Content starts

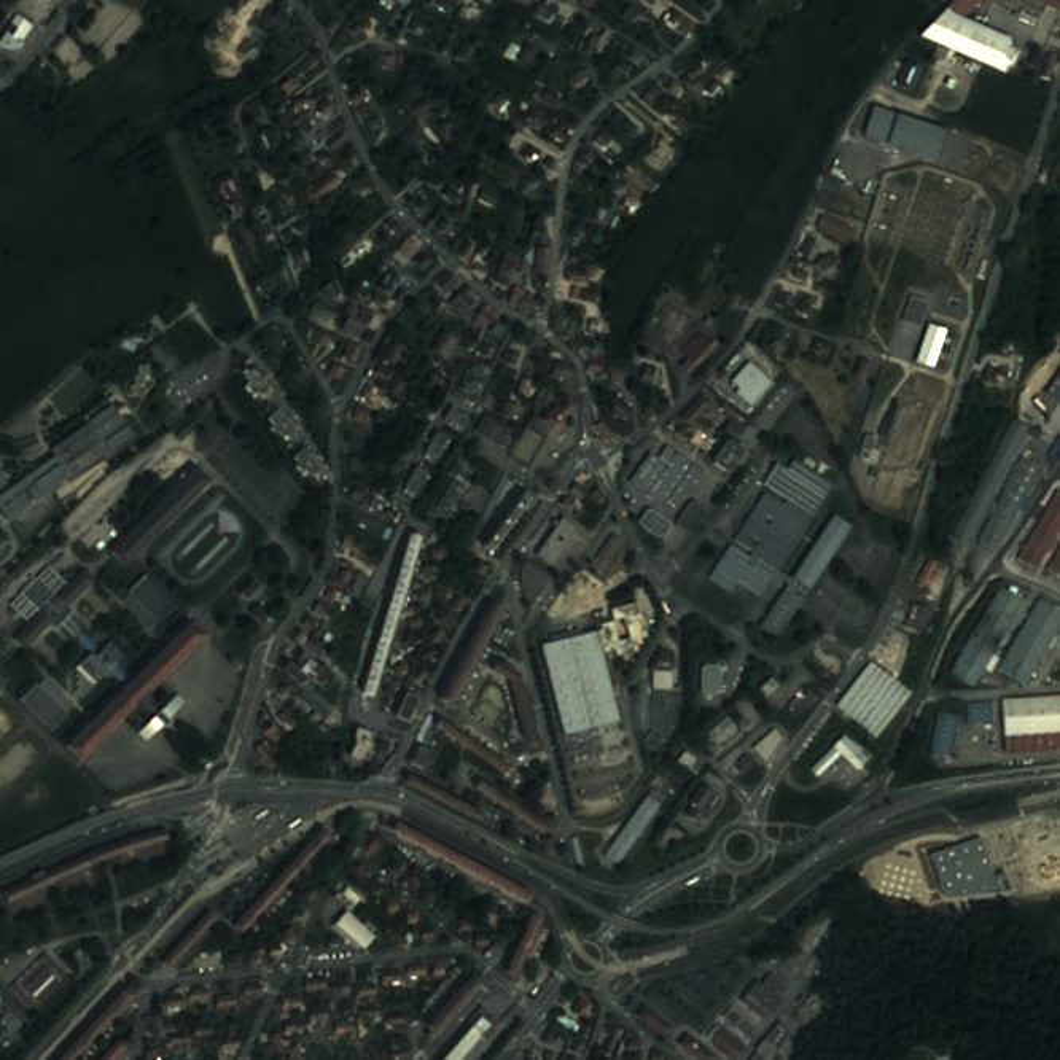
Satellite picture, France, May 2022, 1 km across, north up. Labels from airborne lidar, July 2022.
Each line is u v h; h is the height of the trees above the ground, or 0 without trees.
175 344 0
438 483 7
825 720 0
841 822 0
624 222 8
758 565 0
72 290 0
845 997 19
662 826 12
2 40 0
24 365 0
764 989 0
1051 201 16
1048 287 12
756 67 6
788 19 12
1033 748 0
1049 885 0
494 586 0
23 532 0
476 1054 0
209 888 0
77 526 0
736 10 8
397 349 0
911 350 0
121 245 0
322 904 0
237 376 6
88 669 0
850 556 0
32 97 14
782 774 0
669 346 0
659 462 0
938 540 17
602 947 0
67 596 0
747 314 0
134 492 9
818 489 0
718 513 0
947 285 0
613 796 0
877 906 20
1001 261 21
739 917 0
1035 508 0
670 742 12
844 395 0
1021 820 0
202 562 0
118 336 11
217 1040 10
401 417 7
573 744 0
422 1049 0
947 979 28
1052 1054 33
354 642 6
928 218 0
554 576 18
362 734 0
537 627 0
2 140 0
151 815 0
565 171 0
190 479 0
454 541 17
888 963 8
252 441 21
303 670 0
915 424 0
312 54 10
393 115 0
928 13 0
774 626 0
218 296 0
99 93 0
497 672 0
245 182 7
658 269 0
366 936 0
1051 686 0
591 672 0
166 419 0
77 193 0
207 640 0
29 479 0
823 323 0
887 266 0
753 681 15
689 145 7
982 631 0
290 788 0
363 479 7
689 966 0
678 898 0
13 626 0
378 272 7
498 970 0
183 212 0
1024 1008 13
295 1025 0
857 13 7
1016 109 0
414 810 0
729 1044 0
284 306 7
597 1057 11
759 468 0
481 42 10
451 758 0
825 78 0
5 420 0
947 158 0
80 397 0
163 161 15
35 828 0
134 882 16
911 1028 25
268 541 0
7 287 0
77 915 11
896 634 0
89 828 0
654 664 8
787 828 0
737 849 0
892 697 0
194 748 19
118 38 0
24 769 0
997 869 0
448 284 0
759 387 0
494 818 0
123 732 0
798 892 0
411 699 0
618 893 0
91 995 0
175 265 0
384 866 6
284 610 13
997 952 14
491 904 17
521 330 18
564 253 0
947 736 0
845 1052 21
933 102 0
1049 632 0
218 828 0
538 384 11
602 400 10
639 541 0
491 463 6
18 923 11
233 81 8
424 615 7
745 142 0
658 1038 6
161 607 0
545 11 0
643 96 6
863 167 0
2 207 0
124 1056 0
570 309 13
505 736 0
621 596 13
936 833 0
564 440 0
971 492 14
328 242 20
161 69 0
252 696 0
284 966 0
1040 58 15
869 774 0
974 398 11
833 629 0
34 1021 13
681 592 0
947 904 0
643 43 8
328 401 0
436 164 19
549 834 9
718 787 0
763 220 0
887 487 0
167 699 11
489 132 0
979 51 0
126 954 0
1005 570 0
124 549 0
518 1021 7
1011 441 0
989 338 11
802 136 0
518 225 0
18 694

Content ends

Type the lines above out again exactly as they appear, skipping every picture.

Satellite picture, France, May 2022, 1 km across, north up. Labels from airborne lidar, July 2022.
Each line is u v h; h is the height of the trees above the ground, or 0 without trees.
175 344 0
438 483 7
825 720 0
841 822 0
624 222 8
758 565 0
72 290 0
845 997 19
662 826 12
2 40 0
24 365 0
764 989 0
1051 201 16
1048 287 12
756 67 6
788 19 12
1033 748 0
1049 885 0
494 586 0
23 532 0
476 1054 0
209 888 0
77 526 0
736 10 8
397 349 0
911 350 0
121 245 0
322 904 0
237 376 6
88 669 0
850 556 0
32 97 14
782 774 0
669 346 0
659 462 0
938 540 17
602 947 0
67 596 0
747 314 0
134 492 9
818 489 0
718 513 0
947 285 0
613 796 0
877 906 20
1001 261 21
739 917 0
1035 508 0
670 742 12
844 395 0
1021 820 0
202 562 0
118 336 11
217 1040 10
401 417 7
573 744 0
422 1049 0
947 979 28
1052 1054 33
354 642 6
928 218 0
554 576 18
362 734 0
537 627 0
2 140 0
151 815 0
565 171 0
190 479 0
454 541 17
888 963 8
252 441 21
303 670 0
915 424 0
312 54 10
393 115 0
928 13 0
774 626 0
218 296 0
99 93 0
497 672 0
245 182 7
658 269 0
366 936 0
1051 686 0
591 672 0
166 419 0
77 193 0
207 640 0
29 479 0
823 323 0
887 266 0
753 681 15
689 145 7
982 631 0
290 788 0
363 479 7
689 966 0
678 898 0
13 626 0
378 272 7
498 970 0
183 212 0
1024 1008 13
295 1025 0
857 13 7
1016 109 0
414 810 0
729 1044 0
284 306 7
597 1057 11
759 468 0
481 42 10
451 758 0
825 78 0
5 420 0
947 158 0
80 397 0
163 161 15
35 828 0
134 882 16
911 1028 25
268 541 0
7 287 0
77 915 11
896 634 0
89 828 0
654 664 8
787 828 0
737 849 0
892 697 0
194 748 19
118 38 0
24 769 0
997 869 0
448 284 0
759 387 0
494 818 0
123 732 0
798 892 0
411 699 0
618 893 0
91 995 0
175 265 0
384 866 6
284 610 13
997 952 14
491 904 17
521 330 18
564 253 0
947 736 0
845 1052 21
933 102 0
1049 632 0
218 828 0
538 384 11
602 400 10
639 541 0
491 463 6
18 923 11
233 81 8
424 615 7
745 142 0
658 1038 6
161 607 0
545 11 0
643 96 6
863 167 0
2 207 0
124 1056 0
570 309 13
505 736 0
621 596 13
936 833 0
564 440 0
971 492 14
328 242 20
161 69 0
252 696 0
284 966 0
1040 58 15
869 774 0
974 398 11
833 629 0
34 1021 13
681 592 0
947 904 0
643 43 8
328 401 0
436 164 19
549 834 9
718 787 0
763 220 0
887 487 0
167 699 11
489 132 0
979 51 0
126 954 0
1005 570 0
124 549 0
518 1021 7
1011 441 0
989 338 11
802 136 0
518 225 0
18 694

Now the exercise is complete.